Härtetest: Heavy Metal

Eine von Neubauers ersten Fragen nach dem Unfall: Kann ich im Juni auf ein Open-Air-Konzert gehen? Die britischen Heavy-Metal-Urgesteine von Iron Maiden sollten in der Nähe von Konstanz auftreten, seine Lieblingsband; Neubauer hatte schon längst Karten gekauft. In drei Monaten? Die Ärzte schütteln den Kopf: keine Chance.

Meine Familie und meine Freunde haben mir nicht die Chance gegeben, in Verzweiflung zu versinken.

Matthias Neubauer mag Herausforderungen. Drei Monate nach dem Unfall – inzwischen trainiert er in einer Rehaklinik seinen verletzten Körper und den Rollstuhl-Alltag – fährt er mit seiner Freundin zum Konzert von Iron Maiden an den Bodensee. Hunderte Kilometer in einem uralten VW-Bus bis ins Städtchen Aach bei Konstanz. Dann: Heavy Metal auf einer schlammigen, regensatten Wiese, Pyrotechnik, 23.000 Fans grölen „Fear of the Dark“, ganz normale Ekstase. Eine kurze Nacht in einer Pension, am nächsten Morgen zurück in die Klinik. „Mein Rollstuhl war danach drei Tage in der Waschanlage.“ Und Neubauer weiß: Jetzt komme ich auch zu Hause klar.    

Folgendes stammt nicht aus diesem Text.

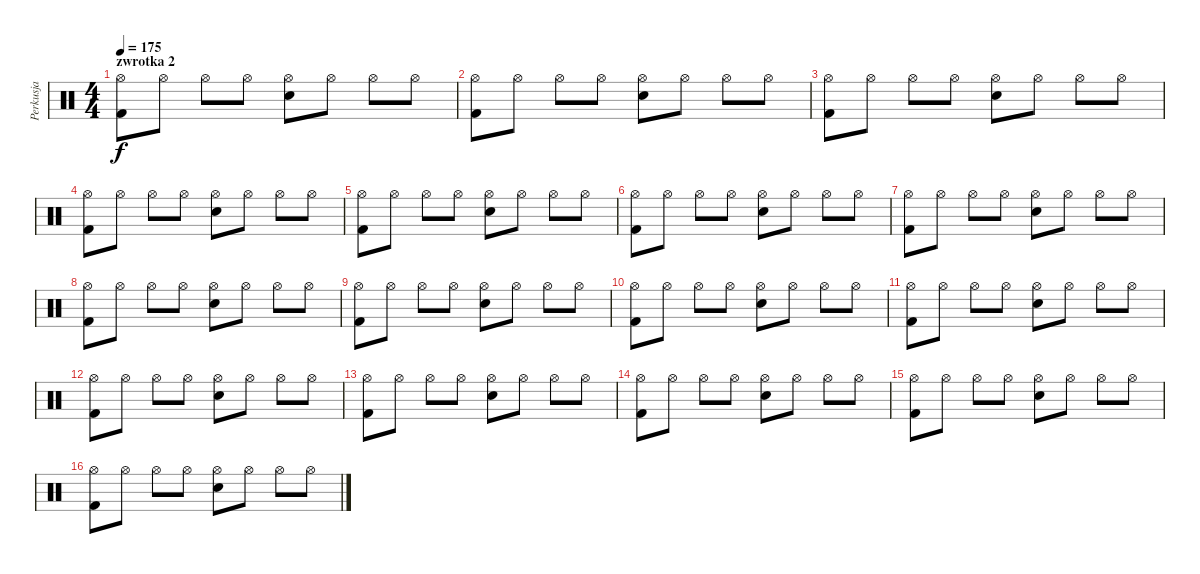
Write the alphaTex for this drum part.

\track ("Perkusja" "Perkusja") {instrument percussion}
\staff {score}
\articulation defaults
\ts (4 4)
\section ("" "zwrotka 2")
\tempo 175
\clef neutral
\ks c
("Kick (hit) 2" "Hi-Hat (open)").8{dy f} "Hi-Hat (open)".8 "Hi-Hat (open)".8 "Hi-Hat (open)".8 ("Snare (hit) 2" "Hi-Hat (open)").8 "Hi-Hat (open)".8 "Hi-Hat (open)".8 "Hi-Hat (open)".8 |
("Kick (hit) 2" "Hi-Hat (open)").8 "Hi-Hat (open)".8 "Hi-Hat (open)".8 "Hi-Hat (open)".8 ("Snare (hit) 2" "Hi-Hat (open)").8 "Hi-Hat (open)".8 "Hi-Hat (open)".8 "Hi-Hat (open)".8 |
("Kick (hit) 2" "Hi-Hat (open)").8 "Hi-Hat (open)".8 "Hi-Hat (open)".8 "Hi-Hat (open)".8 ("Snare (hit) 2" "Hi-Hat (open)").8 "Hi-Hat (open)".8 "Hi-Hat (open)".8 "Hi-Hat (open)".8 |
("Kick (hit) 2" "Hi-Hat (open)").8 "Hi-Hat (open)".8 "Hi-Hat (open)".8 "Hi-Hat (open)".8 ("Snare (hit) 2" "Hi-Hat (open)").8 "Hi-Hat (open)".8 "Hi-Hat (open)".8 "Hi-Hat (open)".8 |
("Kick (hit) 2" "Hi-Hat (open)").8 "Hi-Hat (open)".8 "Hi-Hat (open)".8 "Hi-Hat (open)".8 ("Snare (hit) 2" "Hi-Hat (open)").8 "Hi-Hat (open)".8 "Hi-Hat (open)".8 "Hi-Hat (open)".8 |
("Kick (hit) 2" "Hi-Hat (open)").8 "Hi-Hat (open)".8 "Hi-Hat (open)".8 "Hi-Hat (open)".8 ("Snare (hit) 2" "Hi-Hat (open)").8 "Hi-Hat (open)".8 "Hi-Hat (open)".8 "Hi-Hat (open)".8 |
("Kick (hit) 2" "Hi-Hat (open)").8 "Hi-Hat (open)".8 "Hi-Hat (open)".8 "Hi-Hat (open)".8 ("Snare (hit) 2" "Hi-Hat (open)").8 "Hi-Hat (open)".8 "Hi-Hat (open)".8 "Hi-Hat (open)".8 |
("Kick (hit) 2" "Hi-Hat (open)").8 "Hi-Hat (open)".8 "Hi-Hat (open)".8 "Hi-Hat (open)".8 ("Snare (hit) 2" "Hi-Hat (open)").8 "Hi-Hat (open)".8 "Hi-Hat (open)".8 "Hi-Hat (open)".8 |
("Kick (hit) 2" "Hi-Hat (open)").8 "Hi-Hat (open)".8 "Hi-Hat (open)".8 "Hi-Hat (open)".8 ("Snare (hit) 2" "Hi-Hat (open)").8 "Hi-Hat (open)".8 "Hi-Hat (open)".8 "Hi-Hat (open)".8 |
("Kick (hit) 2" "Hi-Hat (open)").8 "Hi-Hat (open)".8 "Hi-Hat (open)".8 "Hi-Hat (open)".8 ("Snare (hit) 2" "Hi-Hat (open)").8 "Hi-Hat (open)".8 "Hi-Hat (open)".8 "Hi-Hat (open)".8 |
("Kick (hit) 2" "Hi-Hat (open)").8 "Hi-Hat (open)".8 "Hi-Hat (open)".8 "Hi-Hat (open)".8 ("Snare (hit) 2" "Hi-Hat (open)").8 "Hi-Hat (open)".8 "Hi-Hat (open)".8 "Hi-Hat (open)".8 |
("Kick (hit) 2" "Hi-Hat (open)").8 "Hi-Hat (open)".8 "Hi-Hat (open)".8 "Hi-Hat (open)".8 ("Snare (hit) 2" "Hi-Hat (open)").8 "Hi-Hat (open)".8 "Hi-Hat (open)".8 "Hi-Hat (open)".8 |
("Kick (hit) 2" "Hi-Hat (open)").8 "Hi-Hat (open)".8 "Hi-Hat (open)".8 "Hi-Hat (open)".8 ("Snare (hit) 2" "Hi-Hat (open)").8 "Hi-Hat (open)".8 "Hi-Hat (open)".8 "Hi-Hat (open)".8 |
("Kick (hit) 2" "Hi-Hat (open)").8 "Hi-Hat (open)".8 "Hi-Hat (open)".8 "Hi-Hat (open)".8 ("Snare (hit) 2" "Hi-Hat (open)").8 "Hi-Hat (open)".8 "Hi-Hat (open)".8 "Hi-Hat (open)".8 |
("Kick (hit) 2" "Hi-Hat (open)").8 "Hi-Hat (open)".8 "Hi-Hat (open)".8 "Hi-Hat (open)".8 ("Snare (hit) 2" "Hi-Hat (open)").8 "Hi-Hat (open)".8 "Hi-Hat (open)".8 "Hi-Hat (open)".8 |
("Kick (hit) 2" "Hi-Hat (open)").8 "Hi-Hat (open)".8 "Hi-Hat (open)".8 "Hi-Hat (open)".8 ("Snare (hit) 2" "Hi-Hat (open)").8 "Hi-Hat (open)".8 "Hi-Hat (open)".8 "Hi-Hat (open)".8

Einen Monat später ist es so weit. Seine Eltern haben den Zugang zu ihrem Haus rollstuhlgerecht mit einem Plattformlift erschlossen und das Erdgeschoss für ihren Sohn barrierefrei gestaltet; sie selbst sind ins obere Stockwerk gezogen. „Ich hatte mir von Anfang an gewünscht, mein Leben so normal wie möglich weiterzuführen.“ Matthias Neubauer kehrt in den Chor zurück, in dem er seit seiner Teeniezeit singt, kauft sich ein Handbike – erst eines für die Straße, später ein geländegängiges Mountainbike mit Handantrieb – und beginnt, Rollstuhl-Basketball zu spielen. Kurz nach seiner Entlassung aus der Rehaklinik besteht er die Prüfung in Fremdsprachenkorrespondenz, im Jahr darauf beendet er erfolgreich seine Ausbildung zum Industriekaufmann. Und dann bekommt er die Chance, sich bei BHS Corrugated in Weiherhammer vorzustellen.

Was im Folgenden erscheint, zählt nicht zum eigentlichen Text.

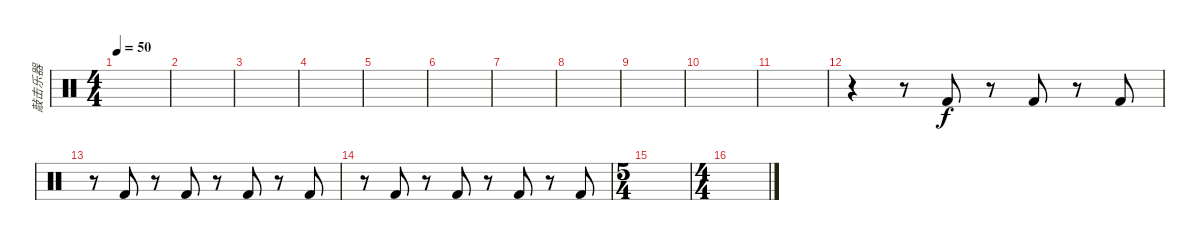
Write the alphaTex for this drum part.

\track ("敲击乐器" "敲击乐器") {instrument percussion}
\staff {score}
\articulation defaults
\ts (4 4)
\tempo 50
\clef neutral
\ks c
|
|
|
|
|
|
|
|
|
|
|
r.4 r.8 "Kick (hit) 2".8 r.8 "Kick (hit) 2".8 r.8 "Kick (hit) 2".8 |
r.8 "Kick (hit) 2".8 r.8 "Kick (hit) 2".8 r.8 "Kick (hit) 2".8 r.8 "Kick (hit) 2".8 |
r.8 "Kick (hit) 2".8 r.8 "Kick (hit) 2".8 r.8 "Kick (hit) 2".8 r.8 "Kick (hit) 2".8 |
\ts (5 4)
|
\ts (4 4)
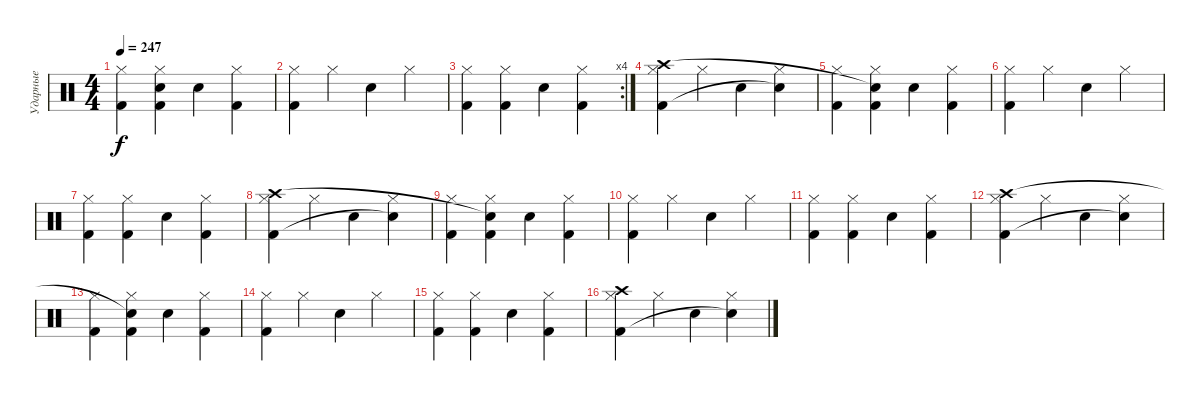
\track ("Ударные" "Ударные") {instrument percussion}
\staff {score}
\articulation defaults
\ts (4 4)
\tempo 247
\clef neutral
\ks c
("Hi-Hat (closed)" "Kick (hit) 2").4{dy f} ("Hi-Hat (closed)" "Kick (hit) 2" "Snare (hit)"{t}).4 "Snare (hit) 2".4 ("Hi-Hat (closed)" "Kick (hit) 2").4 |
("Hi-Hat (closed)" "Kick (hit) 2").4{volume 12} "Hi-Hat (closed)".4 "Snare (hit) 2".4 "Hi-Hat (closed)".4 |
\rc 4
("Hi-Hat (closed)" "Kick (hit) 2").4 ("Hi-Hat (closed)" "Kick (hit) 2").4 "Snare (hit) 2".4 ("Hi-Hat (closed)" "Kick (hit) 2").4 |
("Hi-Hat (closed)" "Kick (hit) 2" "Crash high (hit)").4 "Hi-Hat (closed)".4 "Snare (hit) 2".4 ("Hi-Hat (closed)" "Snare (hit)"{t}).4 |
("Hi-Hat (closed)" "Kick (hit) 2").4 ("Hi-Hat (closed)" "Kick (hit) 2" "Snare (hit)"{t}).4 "Snare (hit) 2".4 ("Hi-Hat (closed)" "Kick (hit) 2").4 |
("Hi-Hat (closed)" "Kick (hit) 2").4{volume 11} "Hi-Hat (closed)".4 "Snare (hit) 2".4 "Hi-Hat (closed)".4 |
("Hi-Hat (closed)" "Kick (hit) 2").4 ("Hi-Hat (closed)" "Kick (hit) 2").4 "Snare (hit) 2".4 ("Hi-Hat (closed)" "Kick (hit) 2").4 |
("Hi-Hat (closed)" "Kick (hit) 2" "Crash high (hit)").4 "Hi-Hat (closed)".4 "Snare (hit) 2".4 ("Hi-Hat (closed)" "Snare (hit)"{t}).4 |
("Hi-Hat (closed)" "Kick (hit) 2").4 ("Hi-Hat (closed)" "Kick (hit) 2" "Snare (hit)"{t}).4 "Snare (hit) 2".4 ("Hi-Hat (closed)" "Kick (hit) 2").4 |
("Hi-Hat (closed)" "Kick (hit) 2").4{volume 10} "Hi-Hat (closed)".4 "Snare (hit) 2".4 "Hi-Hat (closed)".4 |
("Hi-Hat (closed)" "Kick (hit) 2").4 ("Hi-Hat (closed)" "Kick (hit) 2").4 "Snare (hit) 2".4 ("Hi-Hat (closed)" "Kick (hit) 2").4 |
("Hi-Hat (closed)" "Kick (hit) 2" "Crash high (hit)").4 "Hi-Hat (closed)".4 "Snare (hit) 2".4 ("Hi-Hat (closed)" "Snare (hit)"{t}).4 |
("Hi-Hat (closed)" "Kick (hit) 2").4 ("Hi-Hat (closed)" "Kick (hit) 2" "Snare (hit)"{t}).4 "Snare (hit) 2".4 ("Hi-Hat (closed)" "Kick (hit) 2").4 |
("Hi-Hat (closed)" "Kick (hit) 2").4{volume 9} "Hi-Hat (closed)".4 "Snare (hit) 2".4 "Hi-Hat (closed)".4 |
("Hi-Hat (closed)" "Kick (hit) 2").4{volume 9} ("Hi-Hat (closed)" "Kick (hit) 2").4 "Snare (hit) 2".4 ("Hi-Hat (closed)" "Kick (hit) 2").4 |
("Hi-Hat (closed)" "Kick (hit) 2" "Crash high (hit)").4 "Hi-Hat (closed)".4 "Snare (hit) 2".4 ("Hi-Hat (closed)" "Snare (hit)"{t}).4
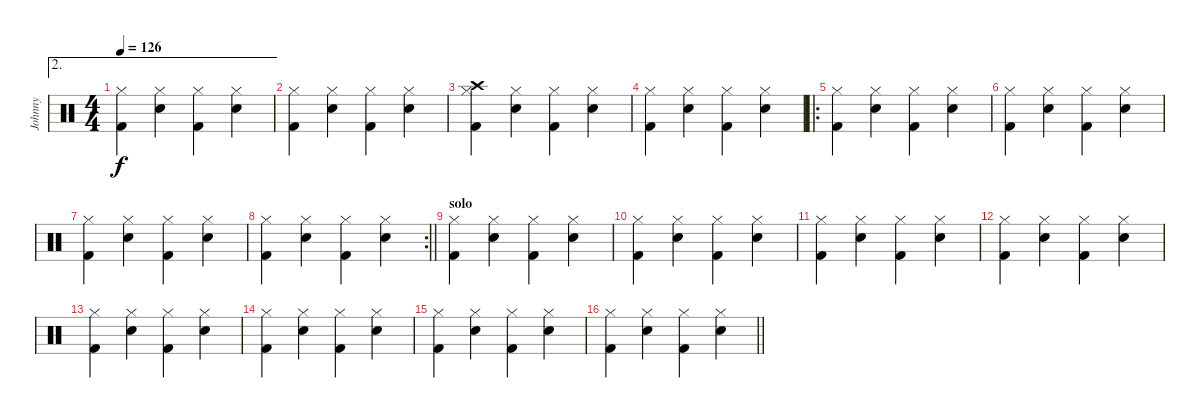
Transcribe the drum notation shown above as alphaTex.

\track ("Johnny" "Johnny") {instrument percussion}
\staff {score}
\articulation defaults
\ae 2
\ts (4 4)
\tempo 126
\clef neutral
\ks c
("Kick (hit) 2" "Hi-Hat (closed)").4{dy f} ("Electric Snare (hit)" "Hi-Hat (closed)").4 ("Kick (hit) 2" "Hi-Hat (closed)").4 ("Electric Snare (hit)" "Hi-Hat (closed)").4 |
("Kick (hit) 2" "Hi-Hat (closed)").4 ("Electric Snare (hit)" "Hi-Hat (closed)").4 ("Kick (hit) 2" "Hi-Hat (closed)").4 ("Electric Snare (hit)" "Hi-Hat (closed)").4 |
("Kick (hit) 2" "Hi-Hat (closed)" "Crash high (hit)").4 ("Electric Snare (hit)" "Hi-Hat (closed)").4 ("Kick (hit) 2" "Hi-Hat (closed)").4 ("Electric Snare (hit)" "Hi-Hat (closed)").4 |
("Kick (hit) 2" "Hi-Hat (closed)").4 ("Electric Snare (hit)" "Hi-Hat (closed)").4 ("Kick (hit) 2" "Hi-Hat (closed)").4 ("Electric Snare (hit)" "Hi-Hat (closed)").4 |
\ro
("Kick (hit) 2" "Hi-Hat (closed)").4 ("Electric Snare (hit)" "Hi-Hat (closed)").4 ("Kick (hit) 2" "Hi-Hat (closed)").4 ("Electric Snare (hit)" "Hi-Hat (closed)").4 |
("Kick (hit) 2" "Hi-Hat (closed)").4 ("Electric Snare (hit)" "Hi-Hat (closed)").4 ("Kick (hit) 2" "Hi-Hat (closed)").4 ("Electric Snare (hit)" "Hi-Hat (closed)").4 |
("Kick (hit) 2" "Hi-Hat (closed)").4 ("Electric Snare (hit)" "Hi-Hat (closed)").4 ("Kick (hit) 2" "Hi-Hat (closed)").4 ("Electric Snare (hit)" "Hi-Hat (closed)").4 |
\rc 2
\barLineRight lightlight
("Kick (hit) 2" "Hi-Hat (closed)").4 ("Electric Snare (hit)" "Hi-Hat (closed)").4 ("Kick (hit) 2" "Hi-Hat (closed)").4 ("Electric Snare (hit)" "Hi-Hat (closed)").4 |
\section ("" "solo")
("Kick (hit) 2" "Hi-Hat (closed)").4 ("Electric Snare (hit)" "Hi-Hat (closed)").4 ("Kick (hit) 2" "Hi-Hat (closed)").4 ("Electric Snare (hit)" "Hi-Hat (closed)").4 |
("Kick (hit) 2" "Hi-Hat (closed)").4 ("Electric Snare (hit)" "Hi-Hat (closed)").4 ("Kick (hit) 2" "Hi-Hat (closed)").4 ("Electric Snare (hit)" "Hi-Hat (closed)").4 |
("Kick (hit) 2" "Hi-Hat (closed)").4 ("Electric Snare (hit)" "Hi-Hat (closed)").4 ("Kick (hit) 2" "Hi-Hat (closed)").4 ("Electric Snare (hit)" "Hi-Hat (closed)").4 |
("Kick (hit) 2" "Hi-Hat (closed)").4 ("Electric Snare (hit)" "Hi-Hat (closed)").4 ("Kick (hit) 2" "Hi-Hat (closed)").4 ("Electric Snare (hit)" "Hi-Hat (closed)").4 |
("Kick (hit) 2" "Hi-Hat (closed)").4 ("Electric Snare (hit)" "Hi-Hat (closed)").4 ("Kick (hit) 2" "Hi-Hat (closed)").4 ("Electric Snare (hit)" "Hi-Hat (closed)").4 |
("Kick (hit) 2" "Hi-Hat (closed)").4 ("Electric Snare (hit)" "Hi-Hat (closed)").4 ("Kick (hit) 2" "Hi-Hat (closed)").4 ("Electric Snare (hit)" "Hi-Hat (closed)").4 |
("Kick (hit) 2" "Hi-Hat (closed)").4 ("Electric Snare (hit)" "Hi-Hat (closed)").4 ("Kick (hit) 2" "Hi-Hat (closed)").4 ("Electric Snare (hit)" "Hi-Hat (closed)").4 |
\barLineRight lightlight
("Kick (hit) 2" "Hi-Hat (closed)").4 ("Electric Snare (hit)" "Hi-Hat (closed)").4 ("Kick (hit) 2" "Hi-Hat (closed)").4 ("Electric Snare (hit)" "Hi-Hat (closed)").4

Barrierefrei? Was bedeutet das genau? In welchen Lebensbereichen spielt Barrierefreiheit eine Rolle? Wer kann Barrieren abbauen? Und wo kann ich mich beraten lassen? Alle Antworten und viele anschauliche Beispiele und Reports finden Sie auf der Website „Bayern barrierefrei“. Übrigens: Wussten Sie schon, dass Barrierefreiheit nicht nur wichtig ist für Menschen mit Behinderung – sondern uns allen nützt? Schauen Sie rein:
Zur Website „Bayern barrierefrei“

BHS hat in der Familie Neubauer Tradition. Schon Matthias Neubauers Uropa verdiente sein Geld bei den einstigen Berg-, Hütten- und Salzwerken, die BHS den Namen gaben. Sein Opa arbeitete in der Gießerei, sein Vater im kaufmännischen Bereich. Matthias Neubauer führt die Familientradition fort. Er überzeugte im Bewerbungsgespräch; heute ist er Marketing-Assistent bei BHS Corrugated.

Meine Taktik ist: immer selbst auf andere zugehen!

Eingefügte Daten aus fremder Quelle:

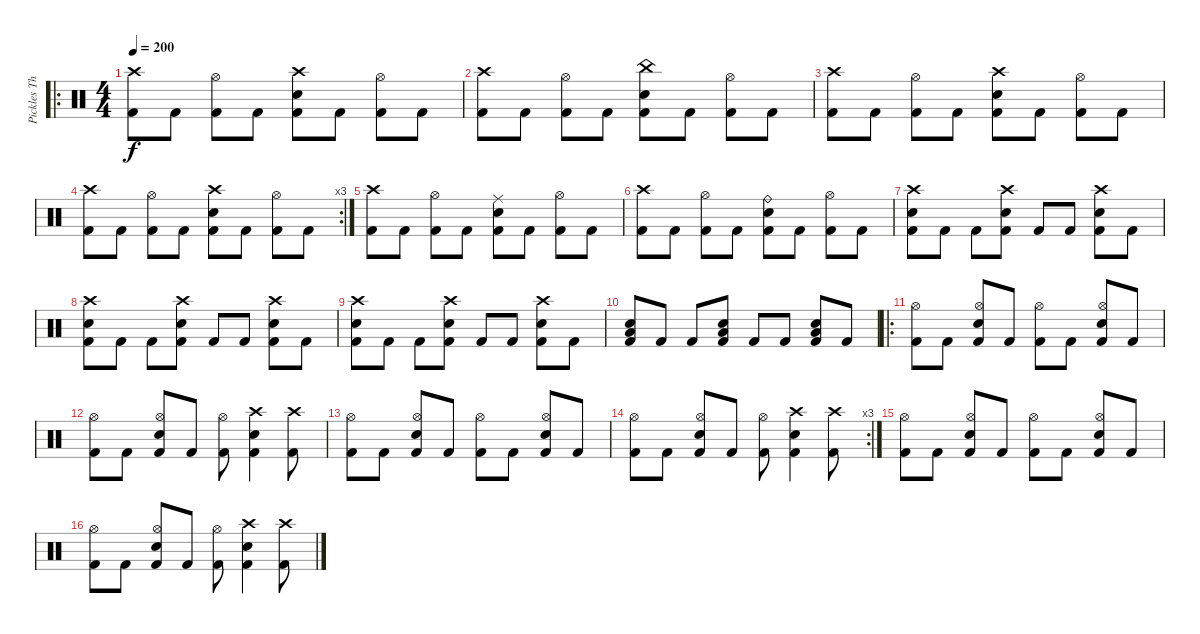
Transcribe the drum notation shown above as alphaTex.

Mit seiner offenen, entspannten und fröhlichen Art machte er es seinen neuen Kolleginnen und Kollegen leicht. „Meine Taktik ist, immer selbst auf andere zuzugehen. Ich habe meine Vorgesetzten und Kollegen eingeladen, zu fragen, was sie wissen wollen. Alle sind sehr offen mit dem Thema umgegangen.“ Berührungsängste habe er am Arbeitsplatz nie erlebt. Barrieren auch nicht.

Vollzeit arbeiten, volle Leistung bringen: ganz normal

Vor dem Firmengebäude: Matthias Neubauer steigt vom Rollstuhl in sein Auto.

Matthias Neubauer will keine „Sonderbehandlung“. Eine von zwei Ausnahmen ist sein Parkplatz direkt vor dem Haupteingang von BHS Corrugated. So kommt er bei jedem Wetter schnell und gut vom Auto ins Büro.

„Ich lebe heute mein normales Leben“, sagt Matthias Neubauer, „mit dem ich sehr glücklich bin. Ich habe einen Vollzeitjob, in dem ich nicht als `der Rollstuhlfahrer´ behandelt werde. Ich darf direkt vor dem Gebäude parken und es gibt eine Liege, auf der ich mich zwischendurch kurz ausruhen kann. Sonst bekomme ich keine Sonderbehandlung; ich muss meine Leistung bringen wie alle anderen.“

Ich muss meine Leistung bringen wie alle anderen.

Barrierefrei, vom Gebäude bis zur Arbeitszeit

Wie andere Beschäftigte mit körperlichen Einschränkungen profitiert Matthias Neubauer von der barrierefreien Gestaltung bei BHS Corrugated. Schon im alten Verwaltungsgebäude kam er mit dem Rollstuhl gut klar. Das neue Lifecycle-Gebäude des Unternehmens, in dem die gesamte Verwaltung und eine große Produktionshalle untergebracht sind, wurde von Anfang an barrierefrei entworfen. An der Detailplanung konnte Neubauer mitwirken und seine Erfahrungen einbringen.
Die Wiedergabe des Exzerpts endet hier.